At Felons, a restaurant in Brisbane, I joined students from the Queensland University of Technology for dinner. I asked one accounting student what his perception of the United States is. He laughed as he said “a wild, wild west,” just missing an “obviously” to complete the sentence. He continued, distraught with the lack of regulation for corporations and the freemarket facade. Thorpe had a similar experience.
“They couldn’t understand, like the rationale for the entrance into the Iraq War, which they thought they saw as devastating to the stability of the Middle East, and certainly harmful to people there,” said Thorpe.
It’s clear: our communities are undeniably fighting the same fights. Our governments are complicit in the same harmful policies. I came to many realizations on this trip, but ultimately discovered something greater. I was indifferent to this collective struggle because I was meant to be, and further introspection unveiled the illusion and shaped a new worldview.
I live in a country where it is noble to be independent and self-reliant. Where the man living on the street and the woman relying on government assistance for groceries are met with the same response: they simply didn’t try hard enough. It is this misconception that exposes the most dangerous aspects of individualism: perceiving the struggles of others as separate from our own and believing the root causes are somehow the product of individual decisions as opposed to systemic oppression.
When I came back to Seattle, I uncovered that individualistic ideologies manifest in many different ways. It took witnessing a collective fight for justice abroad, for me to realize our struggles are inextricably linked.
“I think it’s important not to exceptionalize our own experiences. And we see that in the United States a lot,” said Thorpe, alluding to the concept of American exceptionalism which uniquely positions the United States as an ideologically superior empire compared to other nations. “But I think that that really obscures a lot of the commonalities that we face, both in our struggles and even in our triumphs, with people in other areas of the world.”
Perceiving struggle as an individual experience as opposed to a communal endeavor jeopardized my worldview. The social injustices experienced by Australians are no different from those in the U.S, or anywhere else in the world. When we’re together, we’re capable of fighting a larger empire that believes there is a correct way to organize against inequality.
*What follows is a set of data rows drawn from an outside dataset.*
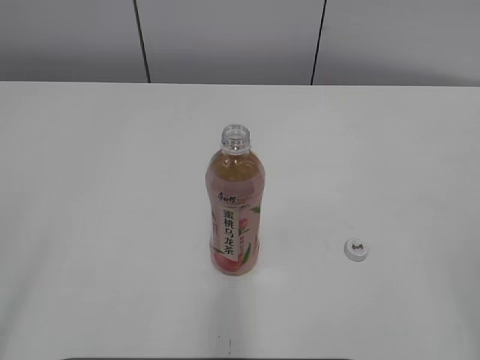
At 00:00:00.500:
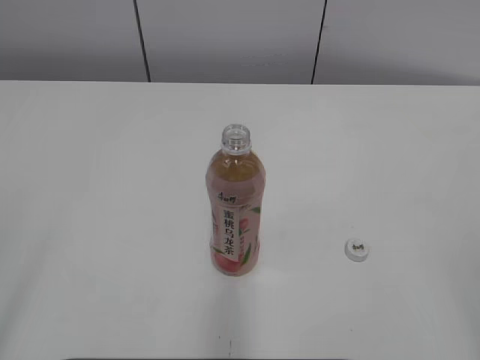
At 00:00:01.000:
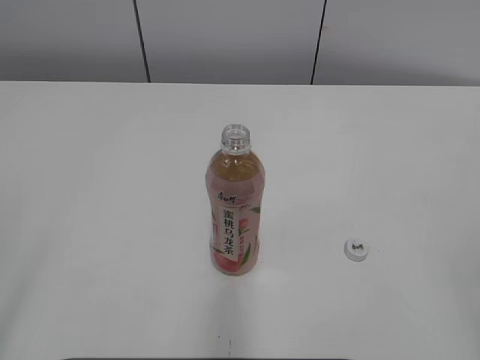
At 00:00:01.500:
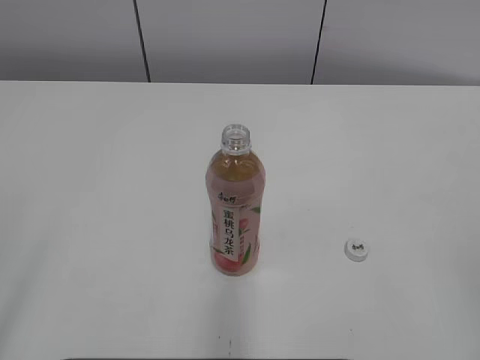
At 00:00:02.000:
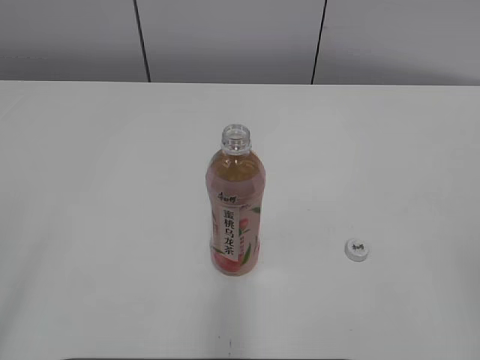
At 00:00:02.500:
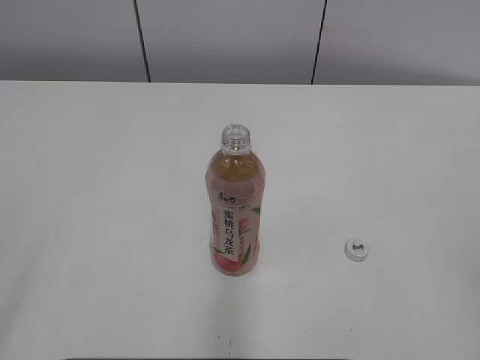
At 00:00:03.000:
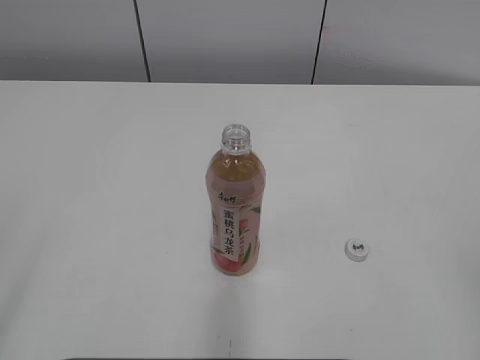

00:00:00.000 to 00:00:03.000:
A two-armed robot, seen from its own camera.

That warps the mind to believe our neighbors are unconcerned with our struggle, that justice will come if we wait.
“There comes a time when the cup of endurance runs over,” said King in “Letter,” “and men are no longer willing to be plunged into an abyss of injustice where they experience the bleakness of corroding despair.”
The context of King’s piece is important. He wrote “Letter” while experiencing segregation and severe state violence. Though the circumstances have changed, the presence of injustice has never ceased. As the trip concluded, one classmate dreaded returning to the disorder, referencing the current political state of affairs back home. He was echoing my line of thought from before I arrived. But now, at the end of my study abroad experience, I distinctly understood that our collective fight for a free and just world must persist even in the presence of divisive forces. It is a radical and crucial effort.
King captured this sentiment over 60 years ago and it is just as vital today.